И как-то тоскливо, тошно делается ото всего этого. У России появляются какие-то гувернантки, злые, придирчивые старые девы. Им просто хочется сорвать свою досаду за неудачную жизнь, и они выставляют свои благие цели и намерения напоказ. Но и я, точно старая дева, если не злая, то плаксивая, все вижу черное впереди.
Да здравствует разум! И скроется тьма… Надо итти вперед и искать правды впереди. Надо всеми силами помогать ломать старое, негодное и вносить свет разума в потемки невежества и давать воздуха и простора молодым росткам лучшего будущего.
20 марта.
Вчера был в университете диспут Погодина с Костомаровым о происхождении Руси[216]. Событие — давно ожидаемое, и на котором, к сожалению, по нездоровью я присутствовать не могла.
Ждали серьезных и, может быть, сухих прении, вышел перекрестный огонь острот, и, не решив вопроса, диспутанты кинулись в объятия друг друга, точно надо было им мириться. Или думали они поцелуями разрешить вопрос? А легкомысленная толпа молодежи подхватила их, слившихся так в объятиях, и понесла их обоих вместе и выломала двери даже. О, студенты, узнаю вас!
Как легко увлекать их и как легко ими владеть! А близкие им люди, профессоры, не хотят этого понять. Они ищут популярности, льстят им, стараются им нравиться, говорят им о гуманности, либерализме, прогрессе, о передовом человеке и уважении личности. Словом, стараются и идут к ним навстречу, заискивают, когда можно овладеть ими, не сходя с места.
Да в сущности, чтобы привлечь к себе, и надо твердо и крепко стоять на своем месте, иначе привлечения и не будет, а будет увлечение, потеря почвы.
Может быть, профессоры этого и хотят? Студенты — удивительно добродушный и доверчивый народ в массе.
Их можно направить, куда угодно; теперь их слишком направляют именно лестью. Они не прозорливы, но молодость чутка. Разобрать и отдать себе отчет они в большинстве случаев еще не могут, но презрение к старому и старым и возвеличение нового и молодого и их, молодых, видят; что не нужно авторитетов, — слышали также. И вот уж чувство уважения в них умаляется, а растет самомнение, самоуважение. Хорошо ли это? А они в сущности так добродушны, так наивны, так прекрасны в массе. Не надо забывать еще, что это все школьники времени Николая Павловича, и вдруг им такая разница в обращении.

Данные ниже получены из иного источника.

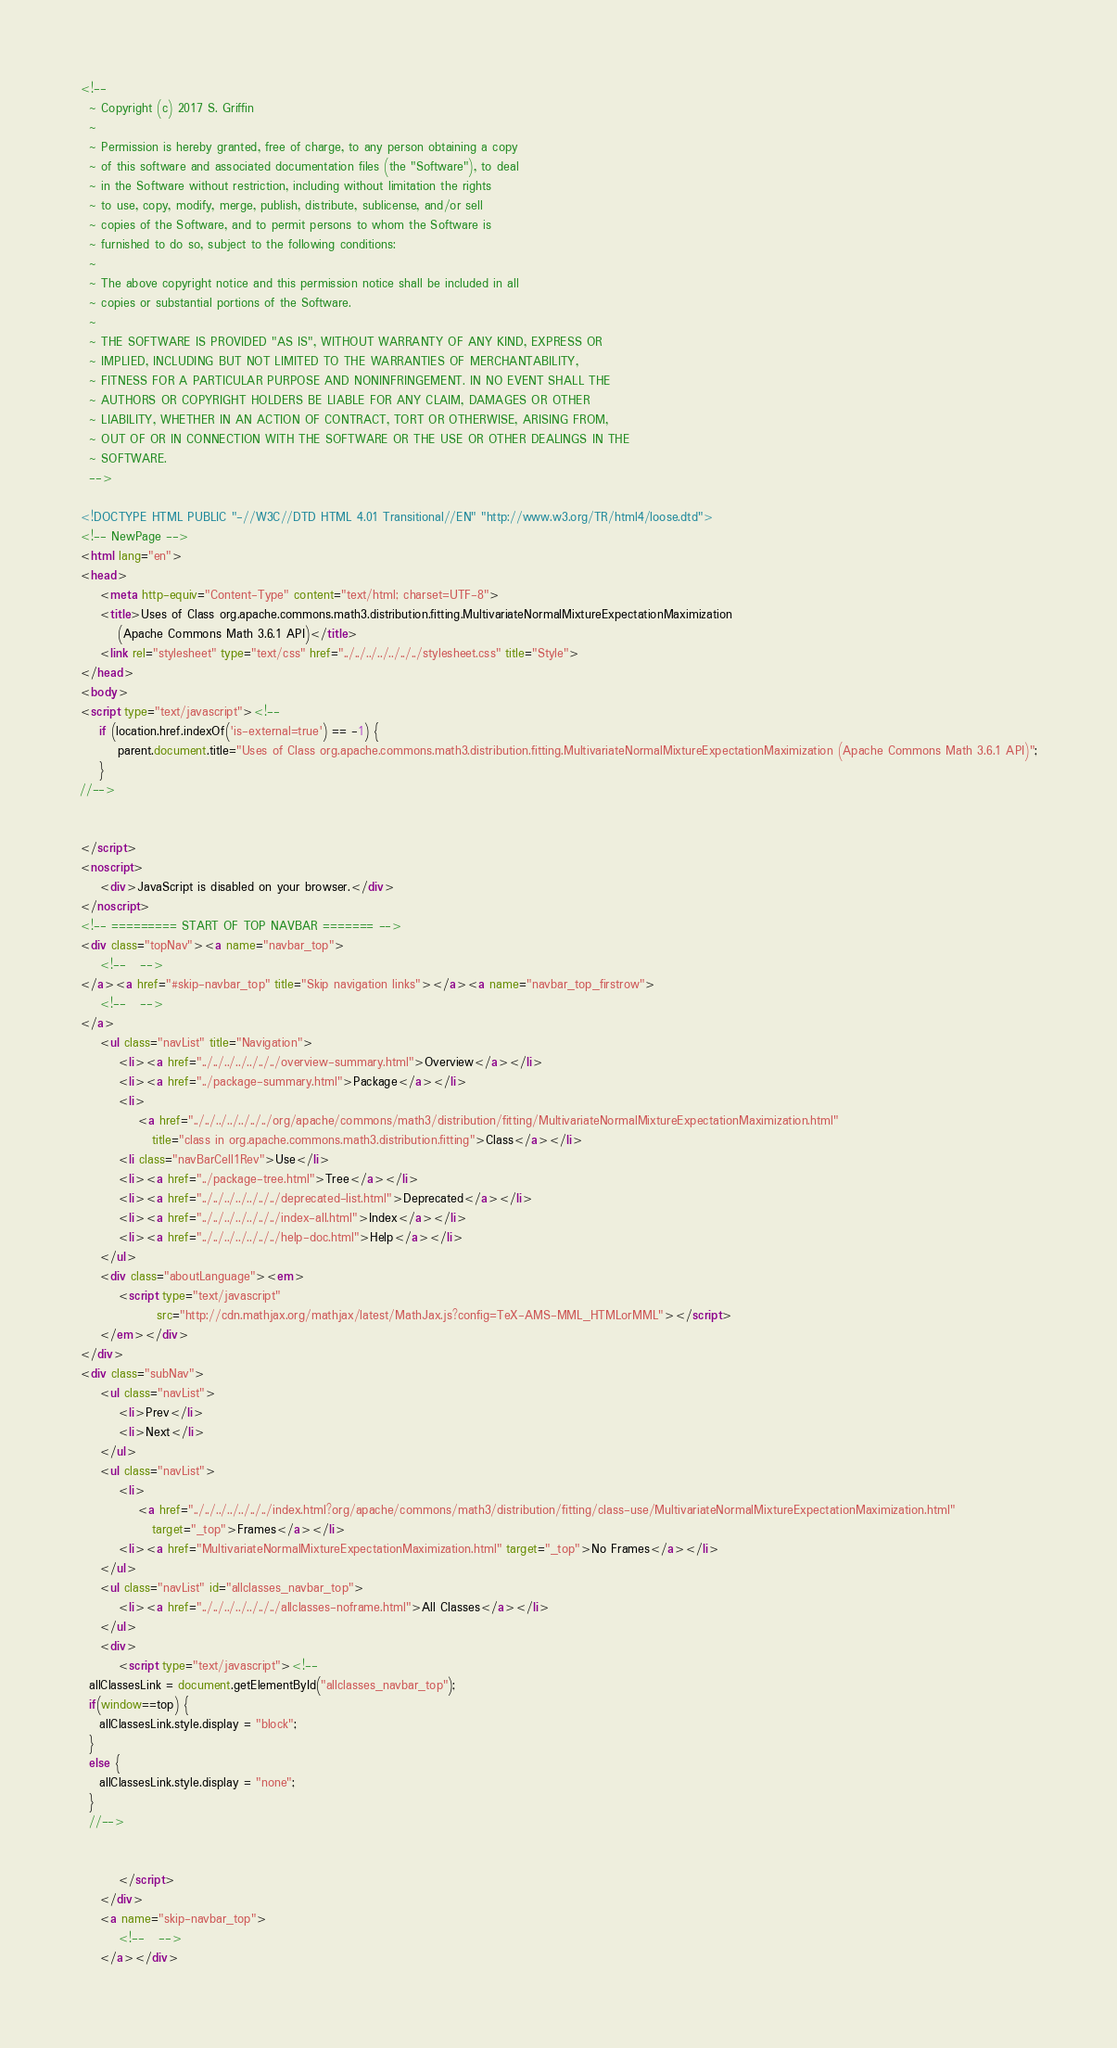Convert code to text. <code><loc_0><loc_0><loc_500><loc_500><_HTML_><!--
  ~ Copyright (c) 2017 S. Griffin
  ~
  ~ Permission is hereby granted, free of charge, to any person obtaining a copy
  ~ of this software and associated documentation files (the "Software"), to deal
  ~ in the Software without restriction, including without limitation the rights
  ~ to use, copy, modify, merge, publish, distribute, sublicense, and/or sell
  ~ copies of the Software, and to permit persons to whom the Software is
  ~ furnished to do so, subject to the following conditions:
  ~
  ~ The above copyright notice and this permission notice shall be included in all
  ~ copies or substantial portions of the Software.
  ~
  ~ THE SOFTWARE IS PROVIDED "AS IS", WITHOUT WARRANTY OF ANY KIND, EXPRESS OR
  ~ IMPLIED, INCLUDING BUT NOT LIMITED TO THE WARRANTIES OF MERCHANTABILITY,
  ~ FITNESS FOR A PARTICULAR PURPOSE AND NONINFRINGEMENT. IN NO EVENT SHALL THE
  ~ AUTHORS OR COPYRIGHT HOLDERS BE LIABLE FOR ANY CLAIM, DAMAGES OR OTHER
  ~ LIABILITY, WHETHER IN AN ACTION OF CONTRACT, TORT OR OTHERWISE, ARISING FROM,
  ~ OUT OF OR IN CONNECTION WITH THE SOFTWARE OR THE USE OR OTHER DEALINGS IN THE
  ~ SOFTWARE.
  -->

<!DOCTYPE HTML PUBLIC "-//W3C//DTD HTML 4.01 Transitional//EN" "http://www.w3.org/TR/html4/loose.dtd">
<!-- NewPage -->
<html lang="en">
<head>
    <meta http-equiv="Content-Type" content="text/html; charset=UTF-8">
    <title>Uses of Class org.apache.commons.math3.distribution.fitting.MultivariateNormalMixtureExpectationMaximization
        (Apache Commons Math 3.6.1 API)</title>
    <link rel="stylesheet" type="text/css" href="../../../../../../../stylesheet.css" title="Style">
</head>
<body>
<script type="text/javascript"><!--
    if (location.href.indexOf('is-external=true') == -1) {
        parent.document.title="Uses of Class org.apache.commons.math3.distribution.fitting.MultivariateNormalMixtureExpectationMaximization (Apache Commons Math 3.6.1 API)";
    }
//-->


</script>
<noscript>
    <div>JavaScript is disabled on your browser.</div>
</noscript>
<!-- ========= START OF TOP NAVBAR ======= -->
<div class="topNav"><a name="navbar_top">
    <!--   -->
</a><a href="#skip-navbar_top" title="Skip navigation links"></a><a name="navbar_top_firstrow">
    <!--   -->
</a>
    <ul class="navList" title="Navigation">
        <li><a href="../../../../../../../overview-summary.html">Overview</a></li>
        <li><a href="../package-summary.html">Package</a></li>
        <li>
            <a href="../../../../../../../org/apache/commons/math3/distribution/fitting/MultivariateNormalMixtureExpectationMaximization.html"
               title="class in org.apache.commons.math3.distribution.fitting">Class</a></li>
        <li class="navBarCell1Rev">Use</li>
        <li><a href="../package-tree.html">Tree</a></li>
        <li><a href="../../../../../../../deprecated-list.html">Deprecated</a></li>
        <li><a href="../../../../../../../index-all.html">Index</a></li>
        <li><a href="../../../../../../../help-doc.html">Help</a></li>
    </ul>
    <div class="aboutLanguage"><em>
        <script type="text/javascript"
                src="http://cdn.mathjax.org/mathjax/latest/MathJax.js?config=TeX-AMS-MML_HTMLorMML"></script>
    </em></div>
</div>
<div class="subNav">
    <ul class="navList">
        <li>Prev</li>
        <li>Next</li>
    </ul>
    <ul class="navList">
        <li>
            <a href="../../../../../../../index.html?org/apache/commons/math3/distribution/fitting/class-use/MultivariateNormalMixtureExpectationMaximization.html"
               target="_top">Frames</a></li>
        <li><a href="MultivariateNormalMixtureExpectationMaximization.html" target="_top">No Frames</a></li>
    </ul>
    <ul class="navList" id="allclasses_navbar_top">
        <li><a href="../../../../../../../allclasses-noframe.html">All Classes</a></li>
    </ul>
    <div>
        <script type="text/javascript"><!--
  allClassesLink = document.getElementById("allclasses_navbar_top");
  if(window==top) {
    allClassesLink.style.display = "block";
  }
  else {
    allClassesLink.style.display = "none";
  }
  //-->


        </script>
    </div>
    <a name="skip-navbar_top">
        <!--   -->
    </a></div></code> 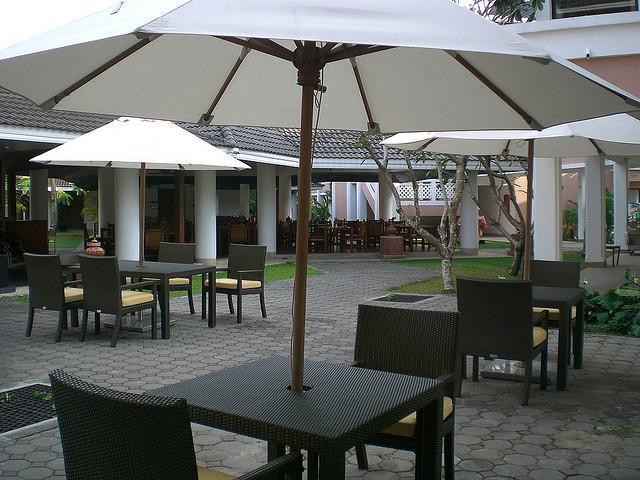How many chairs at the 3 tables?
Give a very brief answer. 8. How many dining tables can be seen?
Give a very brief answer. 3. How many umbrellas can you see?
Give a very brief answer. 3. How many chairs are visible?
Give a very brief answer. 6. How many people are wearing hats?
Give a very brief answer. 0. 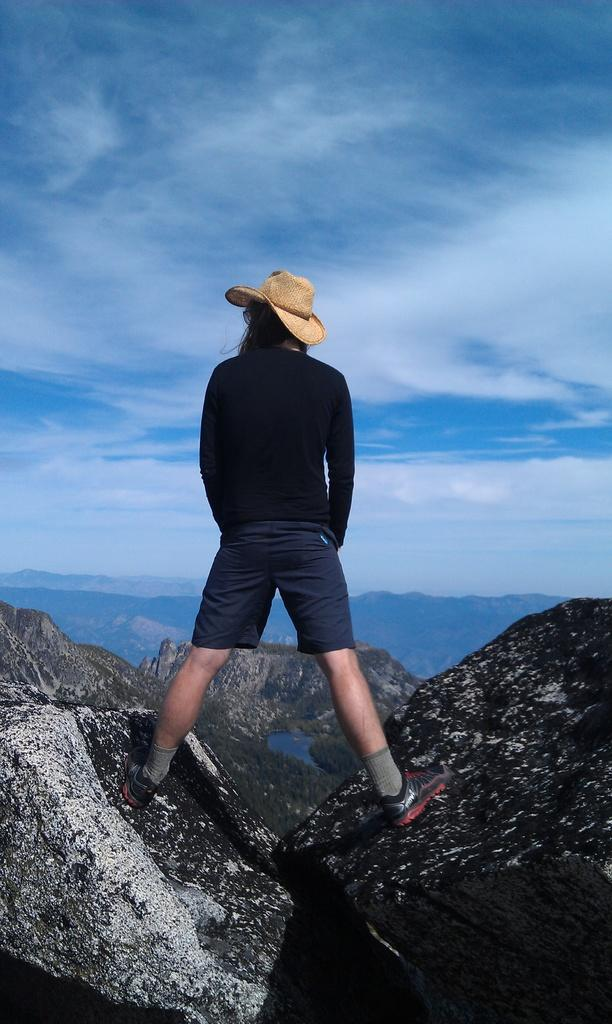Who or what is present in the image? There is a person in the image. What is the person wearing on their head? The person is wearing a hat. What type of landscape can be seen in the image? Hills and trees are visible in the image. What part of the natural environment is visible in the image? The sky is visible in the image. What type of toothpaste is the person using in the image? There is no toothpaste present in the image, as it features a person wearing a hat in a landscape with hills, trees, and the sky. 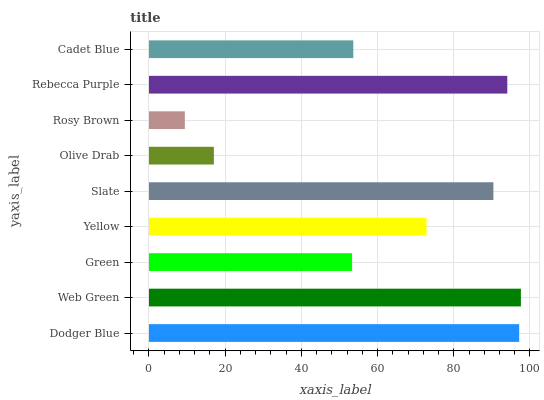Is Rosy Brown the minimum?
Answer yes or no. Yes. Is Web Green the maximum?
Answer yes or no. Yes. Is Green the minimum?
Answer yes or no. No. Is Green the maximum?
Answer yes or no. No. Is Web Green greater than Green?
Answer yes or no. Yes. Is Green less than Web Green?
Answer yes or no. Yes. Is Green greater than Web Green?
Answer yes or no. No. Is Web Green less than Green?
Answer yes or no. No. Is Yellow the high median?
Answer yes or no. Yes. Is Yellow the low median?
Answer yes or no. Yes. Is Olive Drab the high median?
Answer yes or no. No. Is Rebecca Purple the low median?
Answer yes or no. No. 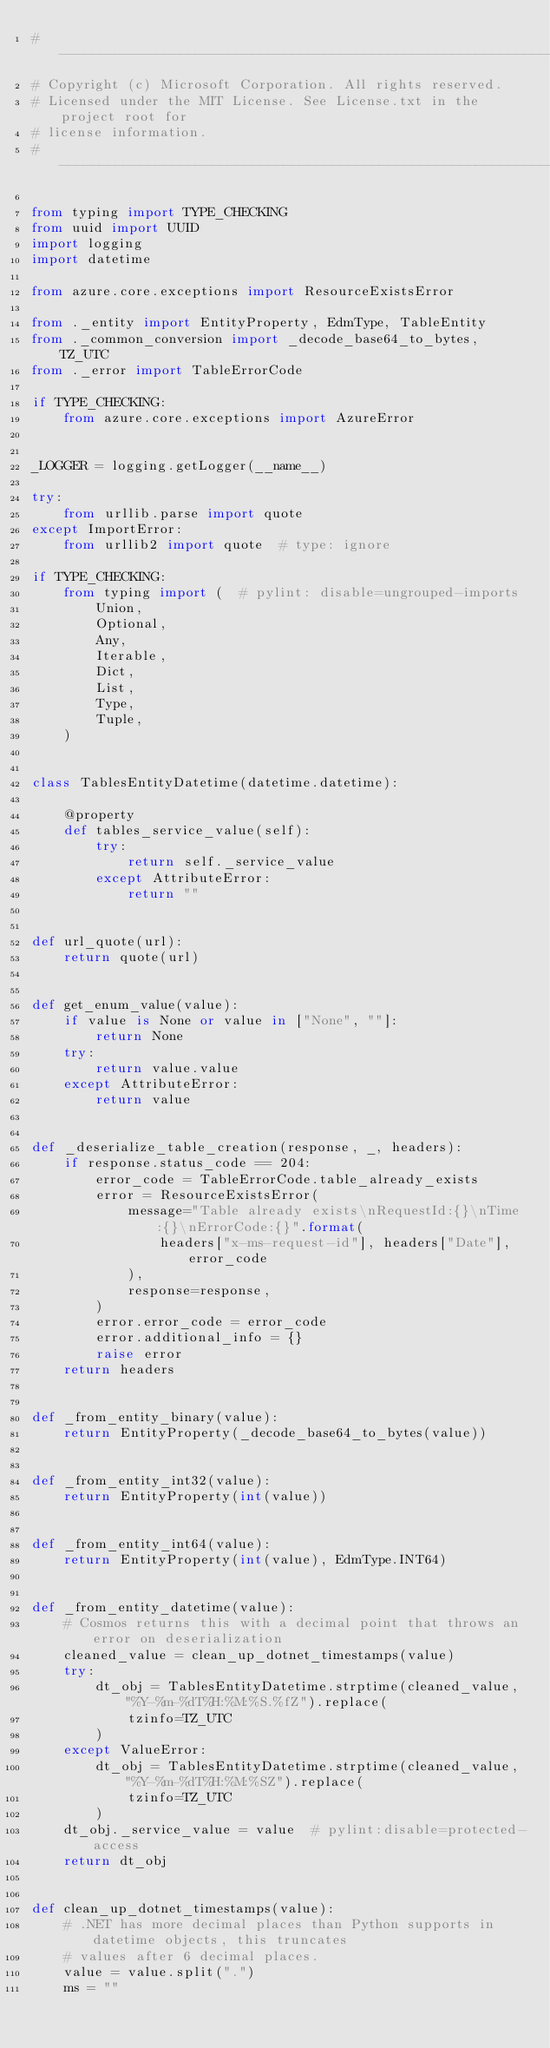Convert code to text. <code><loc_0><loc_0><loc_500><loc_500><_Python_># -------------------------------------------------------------------------
# Copyright (c) Microsoft Corporation. All rights reserved.
# Licensed under the MIT License. See License.txt in the project root for
# license information.
# --------------------------------------------------------------------------

from typing import TYPE_CHECKING
from uuid import UUID
import logging
import datetime

from azure.core.exceptions import ResourceExistsError

from ._entity import EntityProperty, EdmType, TableEntity
from ._common_conversion import _decode_base64_to_bytes, TZ_UTC
from ._error import TableErrorCode

if TYPE_CHECKING:
    from azure.core.exceptions import AzureError


_LOGGER = logging.getLogger(__name__)

try:
    from urllib.parse import quote
except ImportError:
    from urllib2 import quote  # type: ignore

if TYPE_CHECKING:
    from typing import (  # pylint: disable=ungrouped-imports
        Union,
        Optional,
        Any,
        Iterable,
        Dict,
        List,
        Type,
        Tuple,
    )


class TablesEntityDatetime(datetime.datetime):

    @property
    def tables_service_value(self):
        try:
            return self._service_value
        except AttributeError:
            return ""


def url_quote(url):
    return quote(url)


def get_enum_value(value):
    if value is None or value in ["None", ""]:
        return None
    try:
        return value.value
    except AttributeError:
        return value


def _deserialize_table_creation(response, _, headers):
    if response.status_code == 204:
        error_code = TableErrorCode.table_already_exists
        error = ResourceExistsError(
            message="Table already exists\nRequestId:{}\nTime:{}\nErrorCode:{}".format(
                headers["x-ms-request-id"], headers["Date"], error_code
            ),
            response=response,
        )
        error.error_code = error_code
        error.additional_info = {}
        raise error
    return headers


def _from_entity_binary(value):
    return EntityProperty(_decode_base64_to_bytes(value))


def _from_entity_int32(value):
    return EntityProperty(int(value))


def _from_entity_int64(value):
    return EntityProperty(int(value), EdmType.INT64)


def _from_entity_datetime(value):
    # Cosmos returns this with a decimal point that throws an error on deserialization
    cleaned_value = clean_up_dotnet_timestamps(value)
    try:
        dt_obj = TablesEntityDatetime.strptime(cleaned_value, "%Y-%m-%dT%H:%M:%S.%fZ").replace(
            tzinfo=TZ_UTC
        )
    except ValueError:
        dt_obj = TablesEntityDatetime.strptime(cleaned_value, "%Y-%m-%dT%H:%M:%SZ").replace(
            tzinfo=TZ_UTC
        )
    dt_obj._service_value = value  # pylint:disable=protected-access
    return dt_obj


def clean_up_dotnet_timestamps(value):
    # .NET has more decimal places than Python supports in datetime objects, this truncates
    # values after 6 decimal places.
    value = value.split(".")
    ms = ""</code>

Они еще восторженно верят, — несмотря на то, что их учат не верить, — и в науку, и в будущее, и в Кавелина, и в Костомарова, но ведь и это авторитет, а авторитетов не нужно.
Что несли они Погодина и Костомарова на руках, напомнило мне овации к Тамберлику и покойной Бозио, когда они певали на университетских концертах. Они и их так выносили. И раз Тамберлик убежал от них, схватив вместо своей шляпы студентскую треуголку.
У Коли еще хранится кусок носового платка Бозио, который они у нее взяли и разделили между собой. Бывало, слышишь гам и топот тысячи ног по университетскому коридору, и можно подумать: вор спасается и его ловят, а это бежит Тамберлик и его поклонники за ним. Когда хоронили Бозио, студенты поборолись с полицией и затерли ее, но, впрочем, беспорядков не было, и с них за то не взыскивали, т. е. за борьбу с полицией, и они были очень горды и довольны, что показали свою силу, что полиция не смела им противодействовать и они победили. И все это было бы прекрасно, если бы ко всему этому не примешивалось другое и если бы каждый знал точную мерку, до которой можно и надо итти, но этой мерки никто не знает: все постоянно зависит от минуты.
Года два тому назад, а именно в 1858 году, летом, в Москве, студенты кутили, перепились и шумели. Происходило это, должно быть, на квартире, т. е. в комнате одного из них, и, вероятно, хозяева квартиры послали за полицией. Полиция явилась, но студенты не хотели ее пустить, завязалась борьба, и в результате оказались избитые, говорят, даже убитые студенты: кажется, и полицейские. Наутро доложили Закревскому. Закревский послал государю донесение о случившемся в таком духе, что будто студенты бунтуют. Против этого места на полях донесения государь написал карандашом: «Не верю!»
После этого ждали, что Закревский слетит. Закревского уже давно точат Герцен и вся новая партия, но он еще остался, усидел на этот раз. Студентам также не было ничего, но с полиции взыскали.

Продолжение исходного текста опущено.